Which is pretty odd, right?  And why was that truck (from USIC's website:  "USIC is North America's leading underground utility damage prevention firm.") out on a Sunday morning at 10 am-ish?  (It was about 3/4ths of the way through my bouting, by the way.)  When I got home I went to Amazon's Look Inside for The Book of Strange New Things, and look what I found:

     "The Slavic-looking young man shook his prognathous face slowly to and fro.
     "Too late, bro."
     "Too late?"
     "Twenty-four-hourly stock appraisal, bro. Began an hour ago."
     "I was told by the USIC people that food is provided whenever we need it."
     "Correct, bro. You just gotta make sure you don't need it at the wrong time."



So what do you think about them apples?


Friday, July 3, 2015

Thought for the Day: Being a Brief Meditation on the Veracity of the Advertisement and Presentation of Various and Sundry Brands of Mixed Nuts, Specifically as This Pertains to the So-Called "Peanut"


Since a peanut is actually a legume, and since all attempts to have it re-named "pea-legume" have come to naught, doesn't this mean that truth in advertising requires that labels on such products should read
Mixed Nuts & "Peanuts"?
And maybe even a little * after the "Peanuts"
with the legume information.

This reminds me of two "nut" jokes.
The first is from The Simpsons.  Homer has been kidnapped and taken to Brazil.  As they are tooling down the Amazon River, he says to his (Brazilian) kidnapper,
Homer Simpson: Listen, I really need a rest stop.
Kidnapper #2: Again? 
Homer Simpson: I have a bladder the size of a Brazil nut.
Kidnapper: Uh... We just call them nuts here.

Is that funny or what?
The second isn't actually a nut joke, come to think of it.  But it is a Brazilian joke, so you see there's just that one degree of separation.
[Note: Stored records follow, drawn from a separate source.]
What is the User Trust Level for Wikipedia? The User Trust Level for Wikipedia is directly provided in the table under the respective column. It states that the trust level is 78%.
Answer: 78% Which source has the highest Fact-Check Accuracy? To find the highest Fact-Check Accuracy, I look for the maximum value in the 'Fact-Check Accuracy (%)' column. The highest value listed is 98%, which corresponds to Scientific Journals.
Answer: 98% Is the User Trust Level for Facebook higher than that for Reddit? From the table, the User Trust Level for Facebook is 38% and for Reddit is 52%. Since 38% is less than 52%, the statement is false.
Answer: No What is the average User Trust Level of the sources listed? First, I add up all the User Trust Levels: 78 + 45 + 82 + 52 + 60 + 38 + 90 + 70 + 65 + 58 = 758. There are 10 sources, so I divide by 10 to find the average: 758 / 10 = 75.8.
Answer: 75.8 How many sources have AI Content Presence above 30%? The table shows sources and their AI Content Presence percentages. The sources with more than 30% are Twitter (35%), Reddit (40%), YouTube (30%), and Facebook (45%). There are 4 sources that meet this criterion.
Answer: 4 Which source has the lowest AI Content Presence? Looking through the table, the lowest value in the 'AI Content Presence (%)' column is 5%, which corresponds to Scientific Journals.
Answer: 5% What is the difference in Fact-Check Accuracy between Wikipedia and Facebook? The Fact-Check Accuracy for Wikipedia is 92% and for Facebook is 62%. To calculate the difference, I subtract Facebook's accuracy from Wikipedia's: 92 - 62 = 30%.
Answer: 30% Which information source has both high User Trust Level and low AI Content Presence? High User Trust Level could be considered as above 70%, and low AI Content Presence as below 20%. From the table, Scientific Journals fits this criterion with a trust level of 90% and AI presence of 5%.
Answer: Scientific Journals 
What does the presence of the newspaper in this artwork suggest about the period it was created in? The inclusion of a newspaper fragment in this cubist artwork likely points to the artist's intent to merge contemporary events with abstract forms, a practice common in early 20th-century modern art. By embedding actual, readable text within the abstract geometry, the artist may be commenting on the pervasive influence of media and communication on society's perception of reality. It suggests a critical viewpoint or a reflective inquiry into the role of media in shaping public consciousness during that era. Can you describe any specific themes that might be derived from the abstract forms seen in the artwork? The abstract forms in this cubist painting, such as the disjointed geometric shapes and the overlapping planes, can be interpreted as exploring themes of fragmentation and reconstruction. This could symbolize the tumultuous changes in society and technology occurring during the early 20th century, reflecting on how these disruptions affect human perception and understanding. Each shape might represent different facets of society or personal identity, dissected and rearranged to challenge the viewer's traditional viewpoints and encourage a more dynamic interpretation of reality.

Okay.  It goes like this:

George Bush was receiving his daily report from his Defense Secretary, Donald Rumsfeld. 
During the report, Rumsfeld said; “And yesterday, three Brazilian soldiers were killed in Iraq.” George suddenly went pale, put his head in his hands and began to sweat profusely. 
His staff were astounded. They had never seen the president react like this to such a small loss. Then, after he had recovered slightly, the president brought his head up and quietly asked the aide next to him, "Just how many is a brazilian?" 



Good times.

Thursday, July 2, 2015

The Melancholy of Resistance by László Krasznahorkai: 2 Things

Thing 1:

" . . . he decided to demolish the few rarely used rickety old bridges that still existed between him and the world, to apply the rules of his earlier self-distancing from an ever more lawless society with even greater rigor, to leave this fatal stew to rot by itself and withdraw completely with only his friend for company."

Third try to comment on the above.  None of it quite right, so just this:  I know the feeling, but haven't started burning in earnest.

Thing 2:


" . . . his home . . . where the tiniest thing possessed some significance . . . . "

What a lovely way to describe the importance and meaning of home.  Yes, as a matter of fact, I DO need that broken Gorton's bobblehead.